I set off today for the ArcLight in Hollywood, intending to see a self-curated double feature of American Pastoral and Certain Women. I was sitting in the theater, alone, at about a minute to American Pastoral’s 11:20am showtime when the ArcLight usher approached me, apologizing that the theater was having projection problems. Would I like to see something else instead? I swapped my ticket for the next available showing of Certain Women, and happily accepted the comp ticket I could use any other time. At $16.25 a crack, a free ticket is nothing to turn ones’ nose up at! Thanks @ArclightCinemas Hollywood!

Just as well it turned out that way. I don’t think I could have sat through two 2 hour movies. To be fair, Certain Women is 1 hour, 47 minutes while American Pastoral clocks in at 2 hours, 6 minutes.

I’d heard Certain Women was slow, and it was, but luxuriously so. I enjoy that, a film that takes its time, setting up and reveling in its surroundings. Director Kelly Reichardt has a strong sense of how place impacts her characters and the audience in this character study. Right from the start, watching a train chug its way across the flat expanse of land, the snow-covered mountains framed in the distance, the camera work telegraphed the fact that life in wintry Montana, the cold so bitter looking it almost seeped into my seat, was a gritty, sometimes hard thing. The three stories, interwoven by the slimmest of threads, were going to be gritty, sometimes hard stories. 

While they were women’s stories in so far as women were the central figures, they weren’t of the usual women’s story ilk. They weren’t concerned with male female relationships, family, sex, or romance, at least not in any usual way.

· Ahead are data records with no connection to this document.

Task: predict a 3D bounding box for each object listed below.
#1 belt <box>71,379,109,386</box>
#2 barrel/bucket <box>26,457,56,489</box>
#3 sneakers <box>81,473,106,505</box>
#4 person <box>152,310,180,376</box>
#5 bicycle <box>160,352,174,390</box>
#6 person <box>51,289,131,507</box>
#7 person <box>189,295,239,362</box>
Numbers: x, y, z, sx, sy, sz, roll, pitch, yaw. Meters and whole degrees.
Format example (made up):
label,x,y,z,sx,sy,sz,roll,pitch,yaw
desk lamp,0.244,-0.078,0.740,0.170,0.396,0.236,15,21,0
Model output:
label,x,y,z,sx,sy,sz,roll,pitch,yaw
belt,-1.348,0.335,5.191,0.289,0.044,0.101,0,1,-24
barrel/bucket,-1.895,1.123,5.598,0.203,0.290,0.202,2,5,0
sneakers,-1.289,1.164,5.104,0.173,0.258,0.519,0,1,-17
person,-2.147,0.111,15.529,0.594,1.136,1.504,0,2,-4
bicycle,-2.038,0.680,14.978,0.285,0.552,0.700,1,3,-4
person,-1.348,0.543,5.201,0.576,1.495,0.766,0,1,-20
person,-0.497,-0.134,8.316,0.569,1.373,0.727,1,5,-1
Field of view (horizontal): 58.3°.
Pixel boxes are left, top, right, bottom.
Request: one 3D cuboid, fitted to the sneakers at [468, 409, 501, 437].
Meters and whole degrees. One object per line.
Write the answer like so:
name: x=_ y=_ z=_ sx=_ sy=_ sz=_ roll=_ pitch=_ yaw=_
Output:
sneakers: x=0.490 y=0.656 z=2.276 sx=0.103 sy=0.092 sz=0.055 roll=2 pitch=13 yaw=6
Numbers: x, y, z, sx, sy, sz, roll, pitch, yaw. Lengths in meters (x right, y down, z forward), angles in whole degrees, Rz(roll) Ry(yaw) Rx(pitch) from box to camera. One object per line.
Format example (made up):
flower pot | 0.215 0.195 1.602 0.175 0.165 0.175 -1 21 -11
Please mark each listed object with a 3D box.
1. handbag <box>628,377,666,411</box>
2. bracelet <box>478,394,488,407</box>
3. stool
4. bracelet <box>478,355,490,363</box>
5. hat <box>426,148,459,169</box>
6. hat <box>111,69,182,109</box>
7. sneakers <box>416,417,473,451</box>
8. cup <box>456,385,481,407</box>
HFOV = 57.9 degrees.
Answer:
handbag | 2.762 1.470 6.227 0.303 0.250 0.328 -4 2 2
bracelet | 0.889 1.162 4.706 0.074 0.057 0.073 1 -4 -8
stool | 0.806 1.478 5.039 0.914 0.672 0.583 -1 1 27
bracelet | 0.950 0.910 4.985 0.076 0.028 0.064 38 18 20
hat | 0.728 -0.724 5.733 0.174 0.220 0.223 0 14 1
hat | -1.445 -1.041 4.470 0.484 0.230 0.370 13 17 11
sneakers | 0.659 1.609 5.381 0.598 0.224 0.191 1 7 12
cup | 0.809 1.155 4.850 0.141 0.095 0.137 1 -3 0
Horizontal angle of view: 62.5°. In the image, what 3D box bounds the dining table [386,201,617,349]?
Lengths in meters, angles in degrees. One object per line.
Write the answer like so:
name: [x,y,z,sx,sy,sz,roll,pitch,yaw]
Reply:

Laura Dern’s tale starts it off with her lover (James LeGros) pulling on long johns and leaving at the end of a lunchtime liason, the train we saw heading across the flats, visible through the apartment window. That allusion to sex, Dern’s relationship with her lover has nothing to do with her story. Sex, romance, her relationship are a side note, a part of her life but not all encompassing. Her life with this man, her emotional choices in their relationship, is not her story. Her story is wrapped up in her life as a lawyer in Montana where her client has to accept the fact that the law can’t help him win his disability case against a negligent employer. Her client Jared Harris (Mad Men) is the real man in her life, emotional, bereft, unhinged, pleading while Dern is cool, calm, lawyerly. 

Michelle William’s story deals with negotiating a cache of sandstone from an elderly neighbor to build her dream house. Determined, getting the stone for the house is Gina’s top priority, while she brushes a bristling relationship with her daughter to the side. She asks her husband —the cheater we saw earlier with Dern—to speak with Albert about the stones but ultimately Williams does most of what little talking there is. Albert is elderly, not quite all there mentally, Williams wonders if he understands the negotiations but proceeds anyway. When Albert compliments her to her husband, telling him what a good worker she is, he responds with a laugh “She’s the boss’’ but it’s not the usual married joke. She is the boss, in control. Even if achieving that means she has to ignore the actual ‘life’ she’ll live within the house. Of all the women in this trio, Williams character seems like a fish out of water, her chic running garb, thin layers of high tech fabric designed to keep out the cold, her model-like skinniness mark her as an outsider, a city girl in the country, revealing her otherness in a world where most of the characters seem so solid, where layers and layers of padded fabric keep the weather, and the world at bay. 



Kristen Stewart’s story is most changed from Meloy’s Travis, B. about a young lawyer (Stewart as Beth Travis) teaching a night class and a ranch hand who develops a crush on her. In the short story, the ranch hand is a man, but Reichardt replaces the him with a her. 


The her is newcomer Lily Gladstone whose large, luminous eyes, and Mona Lisa smile betray her feelings. Watching Jamie (Gladstone) take care of the horses at the snow-swept ranch, plodding around the barn in heavy boots and fifty pounds of outerwear, doing the same thing day after day, talking to no one, it’s easy to see why she would respond to Kristen Stewart’s strange young lawyer who signed up by accident to teach a class a four hour drive away from her home. Where Williams is dressed in trendy running gear, Stewart’s character dresses in ill-fitting castoffs, dowdy mom jeans from the 80’s, outdated running shoes, items her once impoverished character might have picked up at a thrift store. Because she lingers after class, Beth turns to the ranch hand for help. When she asks Jamie where she can get something to eat, Gladstone doesn’t tell her, she shows her, joining her in the booth. Two very different women, on the surface sharing time together, snippets of their life stories, but in reality just in the same place at the same time. Those missed signals, mixed signals, become a sad statement about how we can mistake convenience for connection. 

That sense of misunderstanding is the real thread that ties Reichardt’s rendition of Meloy’s stories together. We leave all three women sensing their unease about how they’ve navigated their situations, doubting their own responses. Lacking the road map, the clearly defined paths of men working their way forward in the world, the need to achieve their goals respected and understood, here are three women who plod forward, clumsily at times, unsure of their footing, but who move along, aware of the unintended consequences of their behavior but going ahead all the same.

The end product is fashioned primarily by Reichart who wrote, directed and edited the film. The cinematography from Christopher Blauvet did nothing to romanticize the setting—deliberately, I assume, per Reichardt’s vision—painting the small town world of the Montana location with a cold, desolate swathe and I left the theater feeling an overpowering gratitude for Los Angeles’ warm days where loneliness and loss is a little harder to see under the glare of the California sun.